FIC Mailer, Norman — Armies of the Night (C/BV) Winner of both the Pulitzer Prize and the National Book Award, Armies of the Night uniquely and unforgettably captures the Sixties’ tidal wave of love and rage. The setting is the anti-war march on Washington, October 21, 1967. Helicopters hover overhead and federal marshals and soldiers with fixed bayonets await marchers on the Pentagon steps. Among the marchers is a writer named Norman Mailer. From his own singular participation in the day’s events and his even more extraordinary perceptions comes a classic work that deliberately explores the space between fiction and traditional reportage. Intellectuals and hippies, clergymen and cops, poets and army MPs crowd the pages of a book in which facts are fused with techniques of fiction to create the nerve-end reality of experiential truth.

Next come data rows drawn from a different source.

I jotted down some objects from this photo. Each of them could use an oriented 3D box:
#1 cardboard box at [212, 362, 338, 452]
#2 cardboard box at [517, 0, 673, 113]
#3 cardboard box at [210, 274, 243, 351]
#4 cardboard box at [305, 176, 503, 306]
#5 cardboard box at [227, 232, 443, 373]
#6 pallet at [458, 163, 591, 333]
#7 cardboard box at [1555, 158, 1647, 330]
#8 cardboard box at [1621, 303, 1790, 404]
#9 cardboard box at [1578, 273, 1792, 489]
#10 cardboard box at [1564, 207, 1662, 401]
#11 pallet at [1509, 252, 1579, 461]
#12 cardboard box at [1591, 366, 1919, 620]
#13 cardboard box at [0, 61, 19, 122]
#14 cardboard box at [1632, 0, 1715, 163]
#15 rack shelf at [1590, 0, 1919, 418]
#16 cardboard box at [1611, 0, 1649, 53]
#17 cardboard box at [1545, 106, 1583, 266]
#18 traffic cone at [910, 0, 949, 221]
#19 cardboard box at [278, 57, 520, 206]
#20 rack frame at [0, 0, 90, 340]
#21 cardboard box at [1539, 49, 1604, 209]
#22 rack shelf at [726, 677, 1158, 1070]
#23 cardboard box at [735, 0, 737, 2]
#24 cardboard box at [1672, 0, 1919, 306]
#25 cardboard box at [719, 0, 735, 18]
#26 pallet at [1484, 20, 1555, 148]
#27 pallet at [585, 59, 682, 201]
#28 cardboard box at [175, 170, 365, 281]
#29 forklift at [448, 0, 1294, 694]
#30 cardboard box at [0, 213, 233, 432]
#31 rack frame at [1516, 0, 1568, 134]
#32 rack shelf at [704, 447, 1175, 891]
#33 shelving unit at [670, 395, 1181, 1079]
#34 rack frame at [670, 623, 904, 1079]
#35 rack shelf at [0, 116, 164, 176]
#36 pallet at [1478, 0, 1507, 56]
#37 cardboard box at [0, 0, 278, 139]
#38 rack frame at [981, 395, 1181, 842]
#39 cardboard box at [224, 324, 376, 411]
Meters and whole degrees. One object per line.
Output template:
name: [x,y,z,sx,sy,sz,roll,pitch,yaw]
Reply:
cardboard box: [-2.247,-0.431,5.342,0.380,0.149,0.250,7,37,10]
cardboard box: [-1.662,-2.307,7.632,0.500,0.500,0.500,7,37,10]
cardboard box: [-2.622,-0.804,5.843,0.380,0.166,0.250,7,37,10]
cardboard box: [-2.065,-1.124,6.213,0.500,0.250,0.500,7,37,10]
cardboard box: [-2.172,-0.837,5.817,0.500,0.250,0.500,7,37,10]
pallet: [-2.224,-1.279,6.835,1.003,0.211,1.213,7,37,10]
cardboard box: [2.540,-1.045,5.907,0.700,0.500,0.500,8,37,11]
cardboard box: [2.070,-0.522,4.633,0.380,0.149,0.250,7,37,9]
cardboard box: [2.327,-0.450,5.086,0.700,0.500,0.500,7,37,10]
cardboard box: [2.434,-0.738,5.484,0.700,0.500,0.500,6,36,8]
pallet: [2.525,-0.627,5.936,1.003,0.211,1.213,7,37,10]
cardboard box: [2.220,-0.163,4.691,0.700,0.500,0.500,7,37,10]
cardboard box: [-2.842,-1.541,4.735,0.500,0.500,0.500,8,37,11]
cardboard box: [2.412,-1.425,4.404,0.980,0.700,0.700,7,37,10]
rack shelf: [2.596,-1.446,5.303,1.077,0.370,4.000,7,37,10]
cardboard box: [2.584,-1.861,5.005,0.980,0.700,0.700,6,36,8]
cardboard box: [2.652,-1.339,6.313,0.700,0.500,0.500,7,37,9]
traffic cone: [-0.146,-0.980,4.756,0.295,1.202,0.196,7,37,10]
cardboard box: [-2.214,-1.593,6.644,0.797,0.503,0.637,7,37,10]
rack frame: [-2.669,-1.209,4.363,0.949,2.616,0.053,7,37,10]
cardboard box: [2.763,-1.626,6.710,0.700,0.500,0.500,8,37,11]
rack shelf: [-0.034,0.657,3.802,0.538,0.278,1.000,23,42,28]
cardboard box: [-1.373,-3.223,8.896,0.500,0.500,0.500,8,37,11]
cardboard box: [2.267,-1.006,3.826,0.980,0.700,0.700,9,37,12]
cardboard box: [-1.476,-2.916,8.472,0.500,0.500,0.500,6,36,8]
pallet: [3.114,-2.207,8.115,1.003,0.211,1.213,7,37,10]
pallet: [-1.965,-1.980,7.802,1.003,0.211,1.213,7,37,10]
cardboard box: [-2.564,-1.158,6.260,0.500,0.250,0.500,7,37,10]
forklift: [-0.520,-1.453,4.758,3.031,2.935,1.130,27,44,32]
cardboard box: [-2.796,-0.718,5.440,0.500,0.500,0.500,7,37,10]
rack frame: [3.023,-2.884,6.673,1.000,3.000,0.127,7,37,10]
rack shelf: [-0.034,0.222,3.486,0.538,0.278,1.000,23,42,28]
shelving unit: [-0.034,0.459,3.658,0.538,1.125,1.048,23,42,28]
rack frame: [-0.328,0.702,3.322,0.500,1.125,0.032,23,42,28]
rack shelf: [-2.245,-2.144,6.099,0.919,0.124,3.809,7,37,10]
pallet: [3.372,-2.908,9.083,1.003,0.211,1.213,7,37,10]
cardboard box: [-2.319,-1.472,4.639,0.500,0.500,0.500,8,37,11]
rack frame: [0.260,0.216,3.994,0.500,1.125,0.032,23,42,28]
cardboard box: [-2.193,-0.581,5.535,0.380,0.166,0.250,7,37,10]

FIC Marlantes, Karl — Matterhorn: A Novel (ALL) Matterhorn was written by a highly decorated Vietnam veteran. It is the story of a young Marine lieutenant, Waino Mellas, and his comrades in Bravo Company, who are dropped into the mountain jungle of Vietnam. They must confront not merely the North Vietnamese but also monsoon rain and mud, leeches and tigers, disease and malnutrition. Almost as daunting, it turns out, are the obstacles they discover between each other: racial tension, competing ambitions, and duplicitous superior officers. But when the company finds itself surrounded and outnumbered by a massive enemy regiment, the Marines are thrust into the raw and all-consuming terror of combat. The experience will change them forever.

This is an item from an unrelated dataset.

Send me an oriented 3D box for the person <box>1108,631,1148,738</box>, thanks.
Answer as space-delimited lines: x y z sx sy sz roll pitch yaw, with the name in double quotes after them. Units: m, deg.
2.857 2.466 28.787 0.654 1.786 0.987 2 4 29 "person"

FIC Mason, Bobbie Ann Mason — In Country (C/BV) In Country is a coming-of-age novel in which the Vietnam War is central to the life of young Sam Hughes whose father was killed in Vietnam when she was a young girl. It explores the impact of Vietnam on both the generation that served and the generation that followed them. Sam is now living in rural Kentucky with her uncle Emmett who also served in Vietnam. Sam comes to feel that in order to understand her own life she must understand the experience of her father and of her uncle and his veteran friends. They are a central part of her life, but they remain silent about their experiences.

FIC Nguyen, Viet Thanh — The Sympathizer (C/BV) The Sympathizer, was the winner of the 2016 Pulitzer Prize for Fiction. The narrator is a communist double agent who is a captain in the South Vietnamese army. He escapes to America after the Fall of Saigon, from where he secretly reports on the activities of the exiled South Vietnamese military in Los Angeles to his Communist superiors in Vietnam. Captured on an ill-conceived mission he undertakes with a friend who has insisted upon returning to Vietnam, he is interrogated and tortured by those he has helped to win the war. “Haunted by a faith he no longer accepts, insecure in the communist ideology he has embraced, the spy sweeps a vision sharpened by disillusionment across the tangled individual psyches of those close to him a friend, a lover, a comrade and into the warped motives of the imperialists and ideologues governing the world he must navigate.” (From the Booklist review) FIC Ninh, Bio — The Sorrow of War (C/BV) Bao Ninh, a former North Vietnamese soldier, provides a strikingly honest look at how the Vietnam War forever changed his life, his country, and the people who live there. The novel opens just after the war, with Kien working in a unit that recovers soldiers' corpses. Revisiting the sites of battles raises emotional ghosts for him, "a parade of horrific memories" that threatens his sanity. He finds that writing about those years is the only way to purge them. Juxtaposing battle scenes with dreams and childhood remembrances as well as events in Kien's postwar life, this chaotically plotted book builds to a climax of brutality.